--- Source records Enclosed Below ---

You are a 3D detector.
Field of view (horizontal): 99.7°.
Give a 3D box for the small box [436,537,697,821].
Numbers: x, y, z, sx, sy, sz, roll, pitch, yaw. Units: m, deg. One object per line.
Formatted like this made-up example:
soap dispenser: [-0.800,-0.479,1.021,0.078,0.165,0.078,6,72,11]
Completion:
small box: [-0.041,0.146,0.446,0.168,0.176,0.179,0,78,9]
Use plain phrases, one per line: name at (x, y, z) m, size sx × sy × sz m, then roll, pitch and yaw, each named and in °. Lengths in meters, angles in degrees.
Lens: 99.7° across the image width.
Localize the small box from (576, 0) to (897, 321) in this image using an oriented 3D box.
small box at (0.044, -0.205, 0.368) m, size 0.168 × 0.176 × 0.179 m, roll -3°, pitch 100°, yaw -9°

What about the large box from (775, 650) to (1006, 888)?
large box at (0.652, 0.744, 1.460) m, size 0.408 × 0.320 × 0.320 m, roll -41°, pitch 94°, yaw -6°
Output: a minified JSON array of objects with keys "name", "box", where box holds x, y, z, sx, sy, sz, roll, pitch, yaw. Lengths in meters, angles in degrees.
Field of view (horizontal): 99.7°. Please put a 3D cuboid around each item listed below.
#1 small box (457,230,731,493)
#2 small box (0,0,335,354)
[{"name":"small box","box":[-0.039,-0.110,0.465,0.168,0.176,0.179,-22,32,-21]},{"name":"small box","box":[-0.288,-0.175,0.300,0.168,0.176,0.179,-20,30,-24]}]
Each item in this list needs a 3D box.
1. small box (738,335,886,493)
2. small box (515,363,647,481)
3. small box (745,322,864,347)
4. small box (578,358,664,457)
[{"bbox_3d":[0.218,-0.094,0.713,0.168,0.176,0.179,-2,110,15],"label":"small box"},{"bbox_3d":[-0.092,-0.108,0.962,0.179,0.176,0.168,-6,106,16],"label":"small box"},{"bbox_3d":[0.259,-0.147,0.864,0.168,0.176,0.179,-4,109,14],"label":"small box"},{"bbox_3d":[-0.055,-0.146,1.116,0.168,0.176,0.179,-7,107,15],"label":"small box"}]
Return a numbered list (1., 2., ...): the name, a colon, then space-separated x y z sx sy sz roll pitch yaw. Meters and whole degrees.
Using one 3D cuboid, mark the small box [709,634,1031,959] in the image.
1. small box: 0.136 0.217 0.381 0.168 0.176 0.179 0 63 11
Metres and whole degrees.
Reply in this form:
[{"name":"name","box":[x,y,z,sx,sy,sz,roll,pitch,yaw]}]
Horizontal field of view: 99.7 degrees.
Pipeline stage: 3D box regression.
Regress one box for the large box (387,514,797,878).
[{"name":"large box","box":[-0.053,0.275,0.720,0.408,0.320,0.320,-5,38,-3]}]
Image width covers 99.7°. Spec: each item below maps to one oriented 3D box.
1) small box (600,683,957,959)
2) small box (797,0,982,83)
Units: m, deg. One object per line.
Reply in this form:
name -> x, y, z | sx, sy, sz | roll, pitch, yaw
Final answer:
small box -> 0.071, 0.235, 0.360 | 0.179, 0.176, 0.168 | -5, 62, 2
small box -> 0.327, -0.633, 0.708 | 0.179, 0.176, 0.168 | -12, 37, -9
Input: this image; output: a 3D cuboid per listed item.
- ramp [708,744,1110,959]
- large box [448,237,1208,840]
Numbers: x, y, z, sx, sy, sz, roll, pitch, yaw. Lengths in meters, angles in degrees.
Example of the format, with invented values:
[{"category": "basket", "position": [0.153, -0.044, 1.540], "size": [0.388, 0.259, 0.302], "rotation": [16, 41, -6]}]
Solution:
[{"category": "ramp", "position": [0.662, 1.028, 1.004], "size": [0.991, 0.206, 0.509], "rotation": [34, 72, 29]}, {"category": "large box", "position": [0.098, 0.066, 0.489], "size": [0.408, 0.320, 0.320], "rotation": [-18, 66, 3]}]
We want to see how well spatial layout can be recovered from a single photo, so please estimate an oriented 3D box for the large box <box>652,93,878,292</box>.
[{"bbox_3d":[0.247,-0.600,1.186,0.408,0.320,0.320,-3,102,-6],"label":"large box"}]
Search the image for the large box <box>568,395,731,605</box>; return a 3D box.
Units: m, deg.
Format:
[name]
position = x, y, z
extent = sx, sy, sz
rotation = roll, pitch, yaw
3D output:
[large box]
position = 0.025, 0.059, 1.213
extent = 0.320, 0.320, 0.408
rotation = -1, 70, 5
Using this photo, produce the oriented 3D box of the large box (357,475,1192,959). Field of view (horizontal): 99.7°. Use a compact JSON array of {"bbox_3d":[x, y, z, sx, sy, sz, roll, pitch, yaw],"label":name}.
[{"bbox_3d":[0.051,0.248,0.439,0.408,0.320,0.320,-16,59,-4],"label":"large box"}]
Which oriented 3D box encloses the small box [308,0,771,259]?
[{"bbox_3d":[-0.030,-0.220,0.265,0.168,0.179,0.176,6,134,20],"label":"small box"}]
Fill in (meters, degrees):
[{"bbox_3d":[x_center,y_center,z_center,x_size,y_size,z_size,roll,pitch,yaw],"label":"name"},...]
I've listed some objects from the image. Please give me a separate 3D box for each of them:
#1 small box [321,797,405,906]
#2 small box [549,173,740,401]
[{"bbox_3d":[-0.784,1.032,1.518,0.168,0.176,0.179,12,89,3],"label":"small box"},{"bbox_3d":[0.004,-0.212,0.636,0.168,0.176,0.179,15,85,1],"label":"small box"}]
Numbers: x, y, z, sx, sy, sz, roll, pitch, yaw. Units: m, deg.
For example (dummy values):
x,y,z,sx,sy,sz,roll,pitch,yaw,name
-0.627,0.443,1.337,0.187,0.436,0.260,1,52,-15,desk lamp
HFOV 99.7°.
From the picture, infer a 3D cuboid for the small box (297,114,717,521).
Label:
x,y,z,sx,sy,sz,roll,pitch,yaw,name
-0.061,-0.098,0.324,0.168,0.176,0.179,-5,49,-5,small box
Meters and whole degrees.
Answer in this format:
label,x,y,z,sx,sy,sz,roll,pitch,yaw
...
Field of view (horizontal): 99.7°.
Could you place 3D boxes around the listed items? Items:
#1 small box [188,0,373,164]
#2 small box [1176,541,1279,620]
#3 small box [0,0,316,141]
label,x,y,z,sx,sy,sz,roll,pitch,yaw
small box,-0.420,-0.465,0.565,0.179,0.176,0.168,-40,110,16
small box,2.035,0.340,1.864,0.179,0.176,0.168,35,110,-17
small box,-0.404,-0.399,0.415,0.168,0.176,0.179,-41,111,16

--- End of Enclosed Source records ---

What this task involves
Nothing should be dropped or changed, so repeat all of the entries exactly.

Written reply
You are a 3D detector.
Field of view (horizontal): 99.7°.
Give a 3D box for the small box [436,537,697,821].
Numbers: x, y, z, sx, sy, sz, roll, pitch, yaw. Units: m, deg. One object per line.
Formatted like this made-up example:
soap dispenser: [-0.800,-0.479,1.021,0.078,0.165,0.078,6,72,11]
Completion:
small box: [-0.041,0.146,0.446,0.168,0.176,0.179,0,78,9]
Use plain phrases, one per line: name at (x, y, z) m, size sx × sy × sz m, then roll, pitch and yaw, each named and in °. Lengths in meters, angles in degrees.
Lens: 99.7° across the image width.
Localize the small box from (576, 0) to (897, 321) in this image using an oriented 3D box.
small box at (0.044, -0.205, 0.368) m, size 0.168 × 0.176 × 0.179 m, roll -3°, pitch 100°, yaw -9°

What about the large box from (775, 650) to (1006, 888)?
large box at (0.652, 0.744, 1.460) m, size 0.408 × 0.320 × 0.320 m, roll -41°, pitch 94°, yaw -6°
Output: a minified JSON array of objects with keys "name", "box", where box holds x, y, z, sx, sy, sz, roll, pitch, yaw. Lengths in meters, angles in degrees.
Field of view (horizontal): 99.7°. Please put a 3D cuboid around each item listed below.
#1 small box (457,230,731,493)
#2 small box (0,0,335,354)
[{"name":"small box","box":[-0.039,-0.110,0.465,0.168,0.176,0.179,-22,32,-21]},{"name":"small box","box":[-0.288,-0.175,0.300,0.168,0.176,0.179,-20,30,-24]}]
Each item in this list needs a 3D box.
1. small box (738,335,886,493)
2. small box (515,363,647,481)
3. small box (745,322,864,347)
4. small box (578,358,664,457)
[{"bbox_3d":[0.218,-0.094,0.713,0.168,0.176,0.179,-2,110,15],"label":"small box"},{"bbox_3d":[-0.092,-0.108,0.962,0.179,0.176,0.168,-6,106,16],"label":"small box"},{"bbox_3d":[0.259,-0.147,0.864,0.168,0.176,0.179,-4,109,14],"label":"small box"},{"bbox_3d":[-0.055,-0.146,1.116,0.168,0.176,0.179,-7,107,15],"label":"small box"}]
Return a numbered list (1., 2., ...): the name, a colon, then space-separated x y z sx sy sz roll pitch yaw. Meters and whole degrees.
Using one 3D cuboid, mark the small box [709,634,1031,959] in the image.
1. small box: 0.136 0.217 0.381 0.168 0.176 0.179 0 63 11
Metres and whole degrees.
Reply in this form:
[{"name":"name","box":[x,y,z,sx,sy,sz,roll,pitch,yaw]}]
Horizontal field of view: 99.7 degrees.
Pipeline stage: 3D box regression.
Regress one box for the large box (387,514,797,878).
[{"name":"large box","box":[-0.053,0.275,0.720,0.408,0.320,0.320,-5,38,-3]}]
Image width covers 99.7°. Spec: each item below maps to one oriented 3D box.
1) small box (600,683,957,959)
2) small box (797,0,982,83)
Units: m, deg. One object per line.
Reply in this form:
name -> x, y, z | sx, sy, sz | roll, pitch, yaw
Final answer:
small box -> 0.071, 0.235, 0.360 | 0.179, 0.176, 0.168 | -5, 62, 2
small box -> 0.327, -0.633, 0.708 | 0.179, 0.176, 0.168 | -12, 37, -9
Input: this image; output: a 3D cuboid per listed item.
- ramp [708,744,1110,959]
- large box [448,237,1208,840]
Numbers: x, y, z, sx, sy, sz, roll, pitch, yaw. Lengths in meters, angles in degrees.
Example of the format, with invented values:
[{"category": "basket", "position": [0.153, -0.044, 1.540], "size": [0.388, 0.259, 0.302], "rotation": [16, 41, -6]}]
Solution:
[{"category": "ramp", "position": [0.662, 1.028, 1.004], "size": [0.991, 0.206, 0.509], "rotation": [34, 72, 29]}, {"category": "large box", "position": [0.098, 0.066, 0.489], "size": [0.408, 0.320, 0.320], "rotation": [-18, 66, 3]}]
We want to see how well spatial layout can be recovered from a single photo, so please estimate an oriented 3D box for the large box <box>652,93,878,292</box>.
[{"bbox_3d":[0.247,-0.600,1.186,0.408,0.320,0.320,-3,102,-6],"label":"large box"}]
Search the image for the large box <box>568,395,731,605</box>; return a 3D box.
Units: m, deg.
Format:
[name]
position = x, y, z
extent = sx, sy, sz
rotation = roll, pitch, yaw
3D output:
[large box]
position = 0.025, 0.059, 1.213
extent = 0.320, 0.320, 0.408
rotation = -1, 70, 5
Using this photo, produce the oriented 3D box of the large box (357,475,1192,959). Field of view (horizontal): 99.7°. Use a compact JSON array of {"bbox_3d":[x, y, z, sx, sy, sz, roll, pitch, yaw],"label":name}.
[{"bbox_3d":[0.051,0.248,0.439,0.408,0.320,0.320,-16,59,-4],"label":"large box"}]
Which oriented 3D box encloses the small box [308,0,771,259]?
[{"bbox_3d":[-0.030,-0.220,0.265,0.168,0.179,0.176,6,134,20],"label":"small box"}]
Fill in (meters, degrees):
[{"bbox_3d":[x_center,y_center,z_center,x_size,y_size,z_size,roll,pitch,yaw],"label":"name"},...]
I've listed some objects from the image. Please give me a separate 3D box for each of them:
#1 small box [321,797,405,906]
#2 small box [549,173,740,401]
[{"bbox_3d":[-0.784,1.032,1.518,0.168,0.176,0.179,12,89,3],"label":"small box"},{"bbox_3d":[0.004,-0.212,0.636,0.168,0.176,0.179,15,85,1],"label":"small box"}]
Numbers: x, y, z, sx, sy, sz, roll, pitch, yaw. Units: m, deg.
For example (dummy values):
x,y,z,sx,sy,sz,roll,pitch,yaw,name
-0.627,0.443,1.337,0.187,0.436,0.260,1,52,-15,desk lamp
HFOV 99.7°.
From the picture, infer a 3D cuboid for the small box (297,114,717,521).
Label:
x,y,z,sx,sy,sz,roll,pitch,yaw,name
-0.061,-0.098,0.324,0.168,0.176,0.179,-5,49,-5,small box
Meters and whole degrees.
Answer in this format:
label,x,y,z,sx,sy,sz,roll,pitch,yaw
...
Field of view (horizontal): 99.7°.
Could you place 3D boxes around the listed items? Items:
#1 small box [188,0,373,164]
#2 small box [1176,541,1279,620]
#3 small box [0,0,316,141]
label,x,y,z,sx,sy,sz,roll,pitch,yaw
small box,-0.420,-0.465,0.565,0.179,0.176,0.168,-40,110,16
small box,2.035,0.340,1.864,0.179,0.176,0.168,35,110,-17
small box,-0.404,-0.399,0.415,0.168,0.176,0.179,-41,111,16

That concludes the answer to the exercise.